Is there a possibility to separate one of the variables so that I have terms with an isolated sin(a) or cos(a) so that I can pull these terms out of the expressions?

Matt J
on 11 Dec 2019

Edited: Matt J
on 11 Dec 2019

These identities may help,

Matt J
on 11 Dec 2019

I've answered your question.
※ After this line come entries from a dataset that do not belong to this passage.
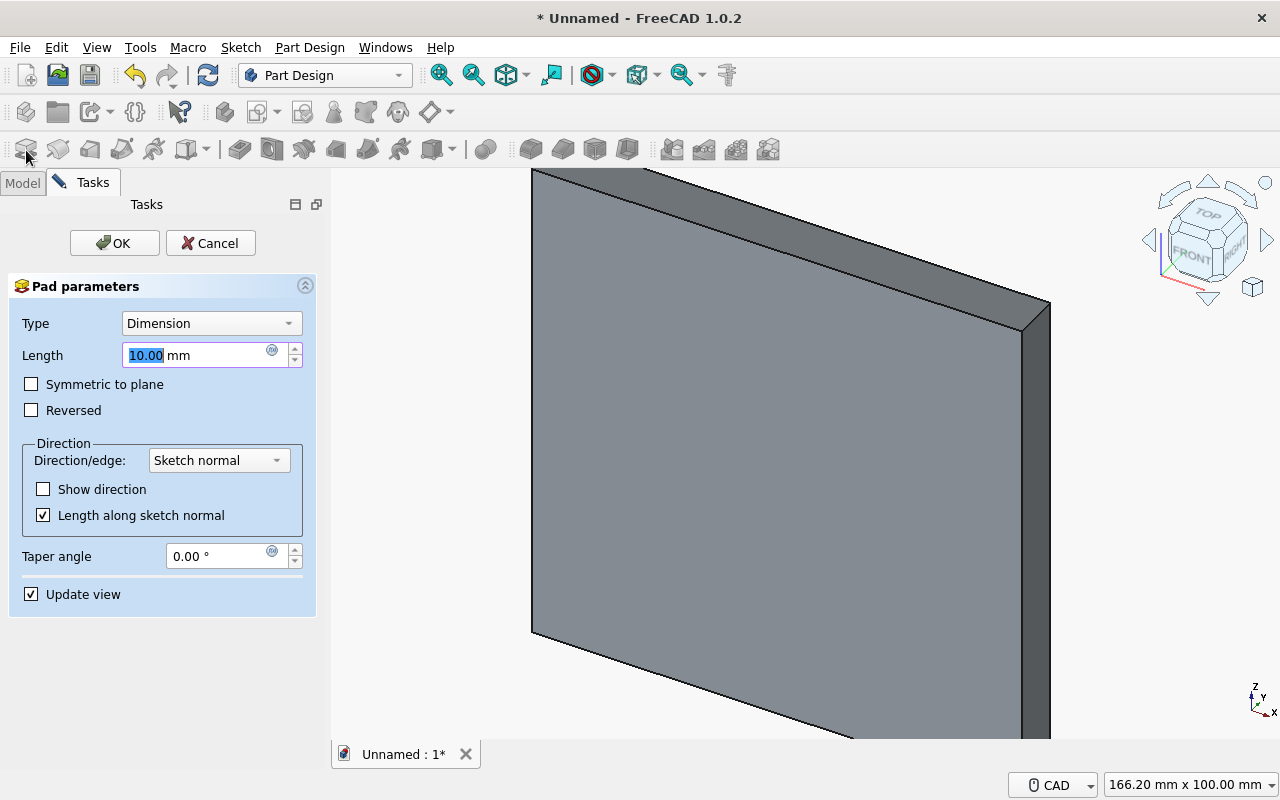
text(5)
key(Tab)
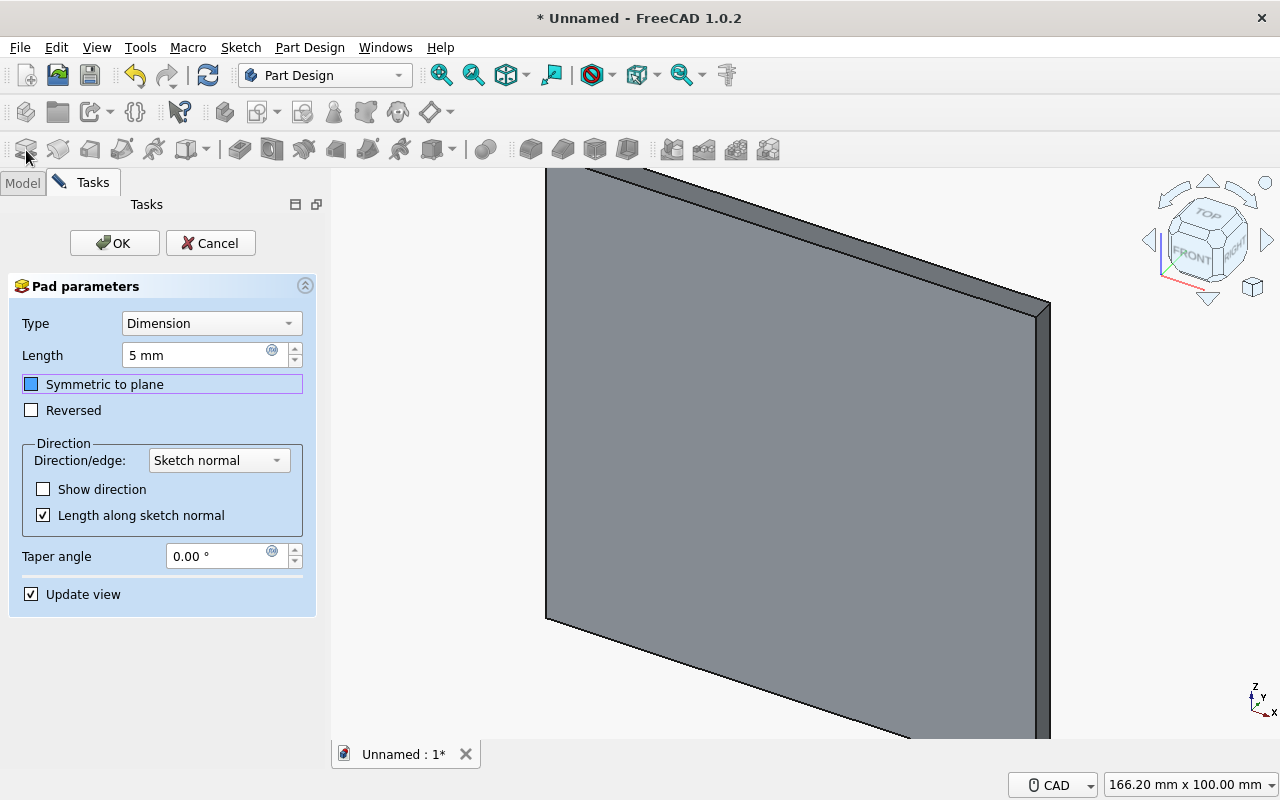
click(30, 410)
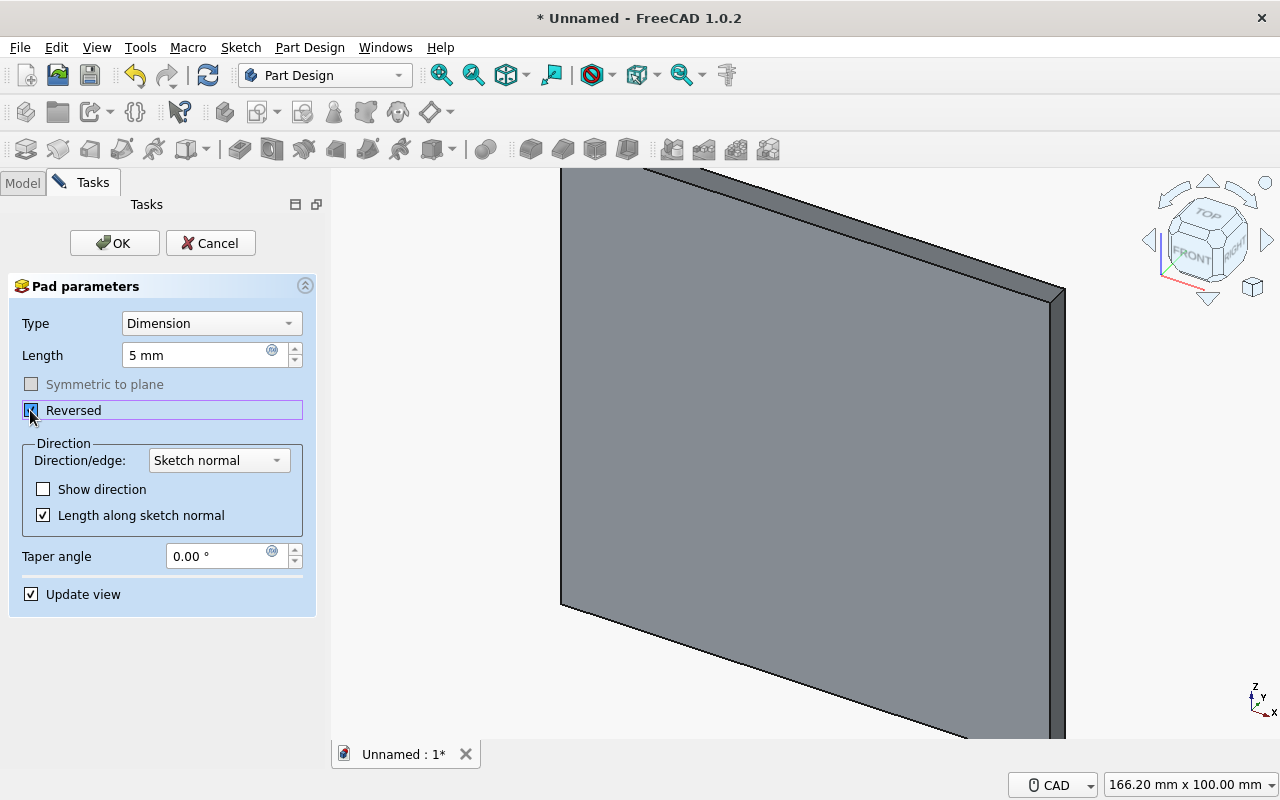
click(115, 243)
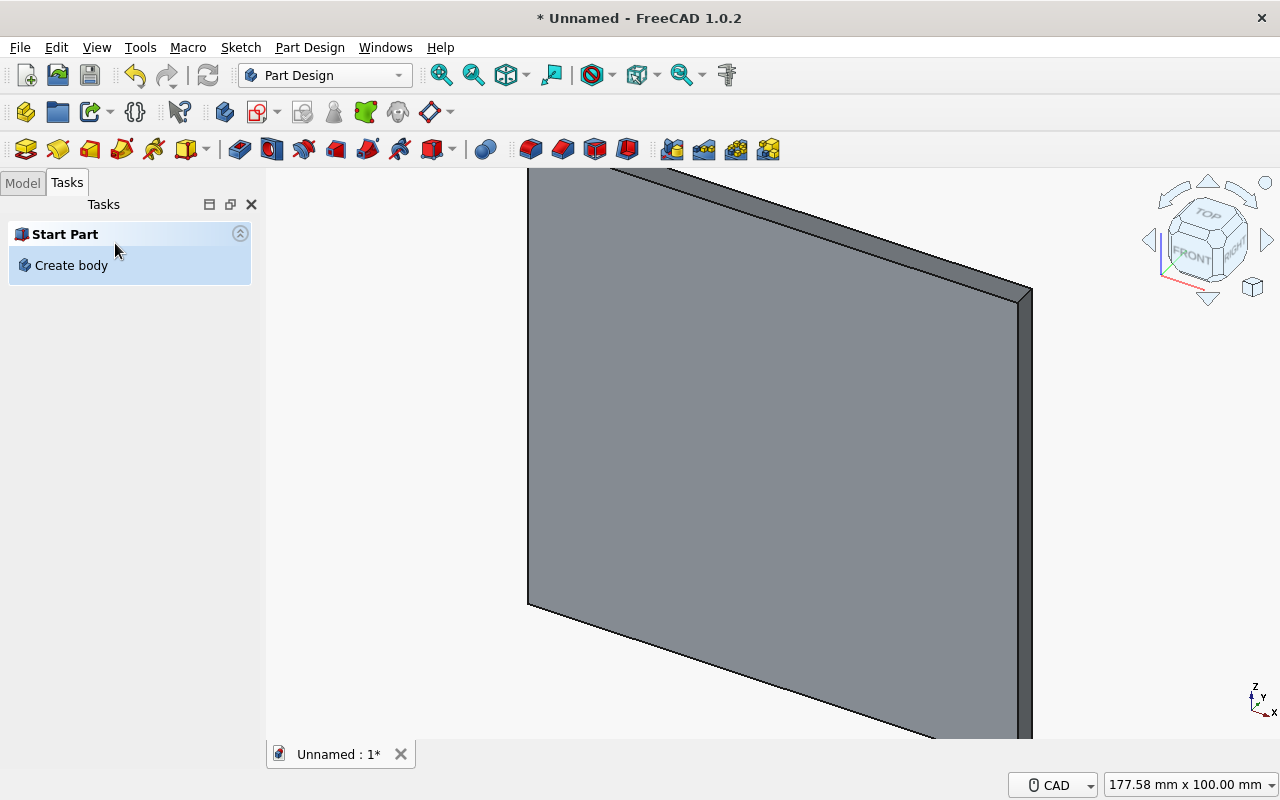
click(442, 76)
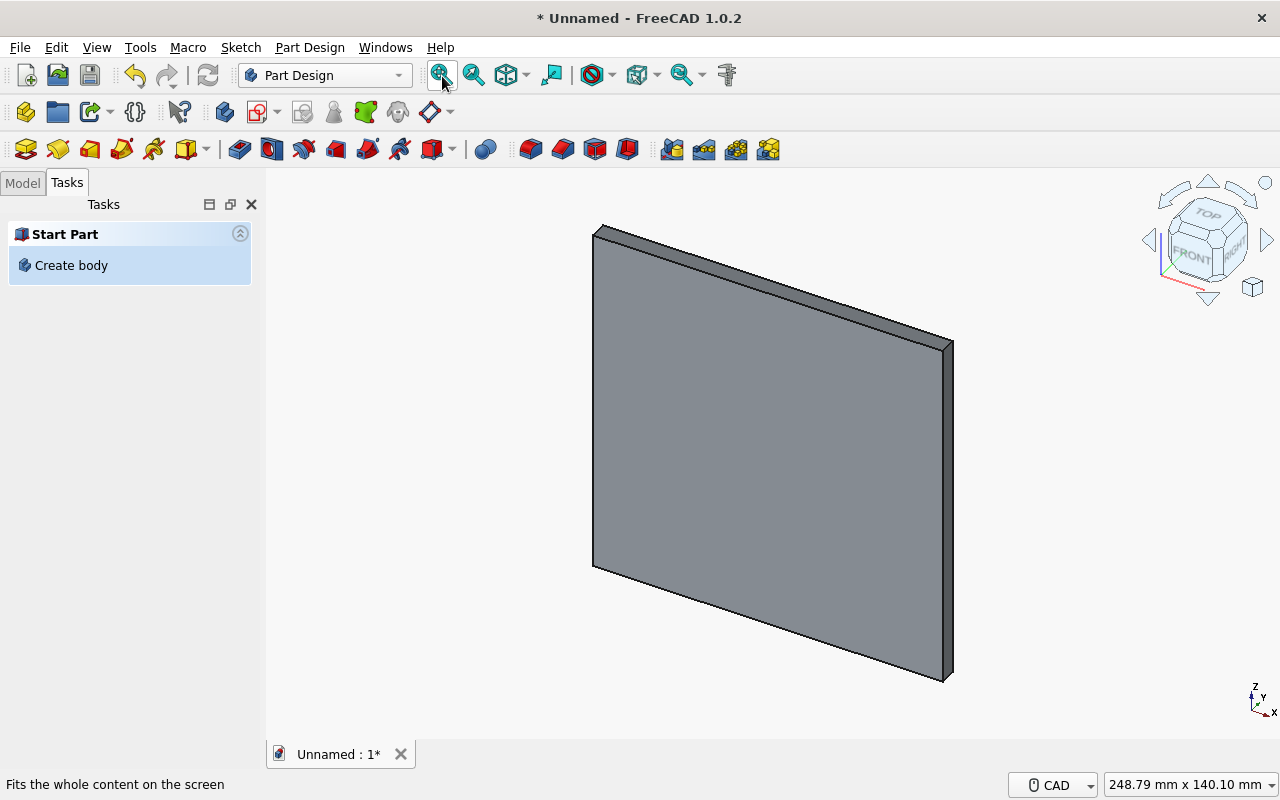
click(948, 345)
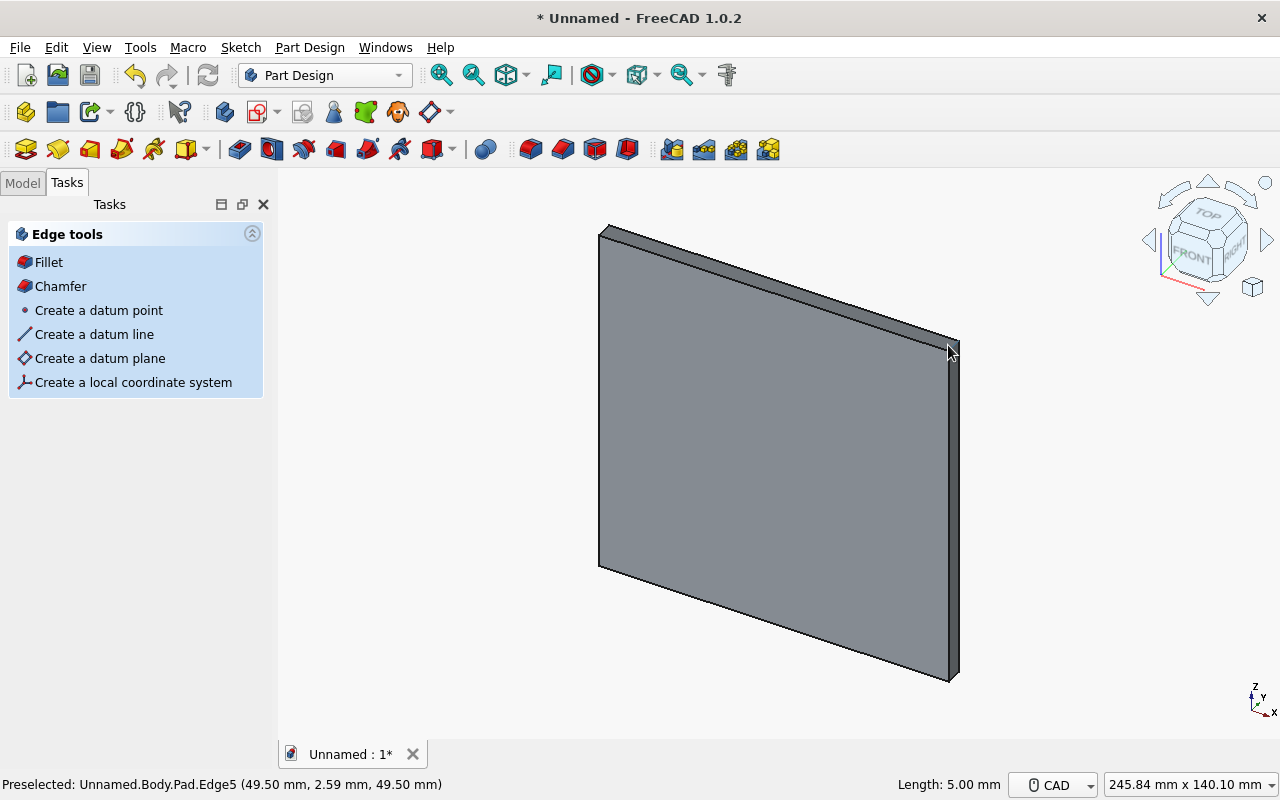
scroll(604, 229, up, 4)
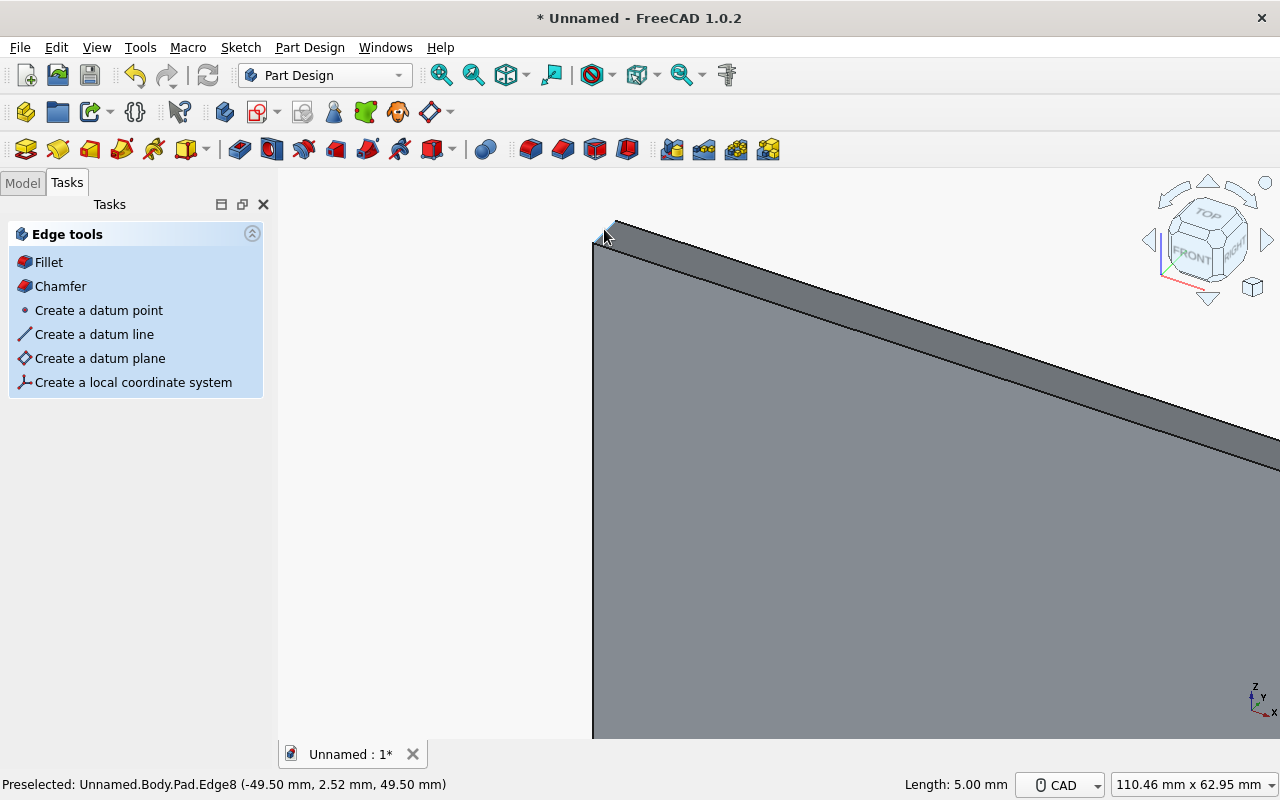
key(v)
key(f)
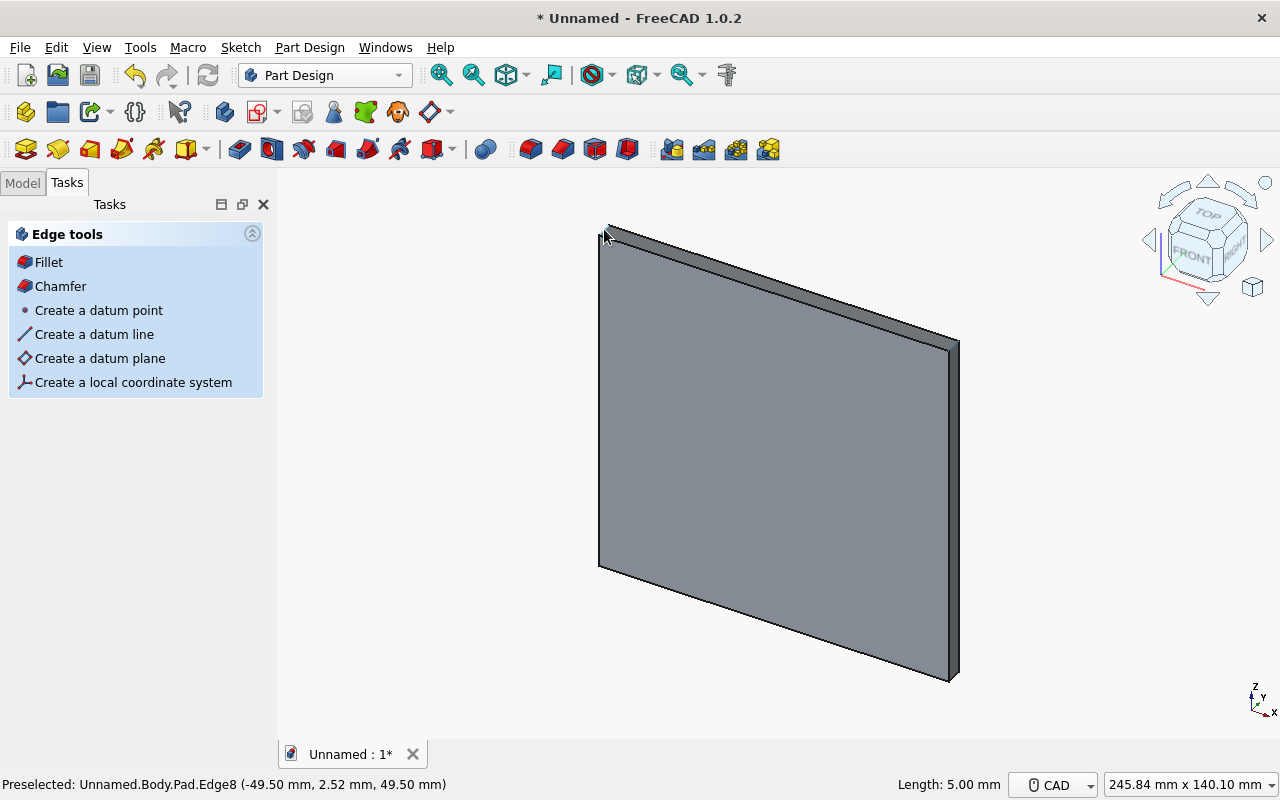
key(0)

Using the identities I posted, you can write instead

Fx = F*( sin(a)*cos(b) + cos(a)*sin(b) );

Fz = F*( cos(a)*cos(b) - sin(a)*sin(b) );

Matt J
on 11 Dec 2019

Thom replied:

Thank you for your answer,

I was already at this point but what I need is an expression which contains only "sin(a)" or "cos(a)" expressions so that I can pull it out of both terms.

If there is a combination of sin and cos in it I can't pull it out of the term.

Alex Mcaulley
on 11 Dec 2019

It is not a Matlab question, but you can do:

cos(a+b)/sin(a+b) = 1/tg(a+b) = (1-tg(a)*tg(b))/(tg(a)+tg(b))

John D'Errico
on 11 Dec 2019

Edited: John D'Errico
on 11 Dec 2019

As has been pointed out, this is not remotely a question about MATLAB, but you have gotten two answers already, so let me point out some things.

Fiirst, you don't really have two expressions, but one expression, with a numerator and a denominator. And, you need to explain what it is that you want to do with this, because such an expression does not exist in a vacuum. For example, are you hoping to be able to write it in a form like

f1(a)*f2(b)

or perhaps

f1(a) + f2(b)

by using only simple algebraic operations? If so, then the answer is no, you cannot do so. MATLAB cannot help you there.

If, perhaps you have something of the form

U = cos(a+b)/sin(a+b)

and you want to solv e for a as a function of b and U? Then you can do something, although even that has limits.

U = 1/tan(a+b) = (1 - tan(a)*tan(b))/(tan(a) + tan(b))

or...

(tan(a) + tan(b)) * U = 1 - tan(a)*tan(b)

so we can write it as

tan(a)*(U + tan(b)) = 1 - tan(b)*U

therefore,

tan(a) = (1 - tan(b)*U)/(U + tan(b))

Honestly, I don't think that is what you intended by your question.

Or, perhaps if you have

U = 1/(tan(a+ b)

then we can trivially solve for a as

a = atan(1/U) - b

Again, I don't think this is what you are looking for, based on how you phrased your question.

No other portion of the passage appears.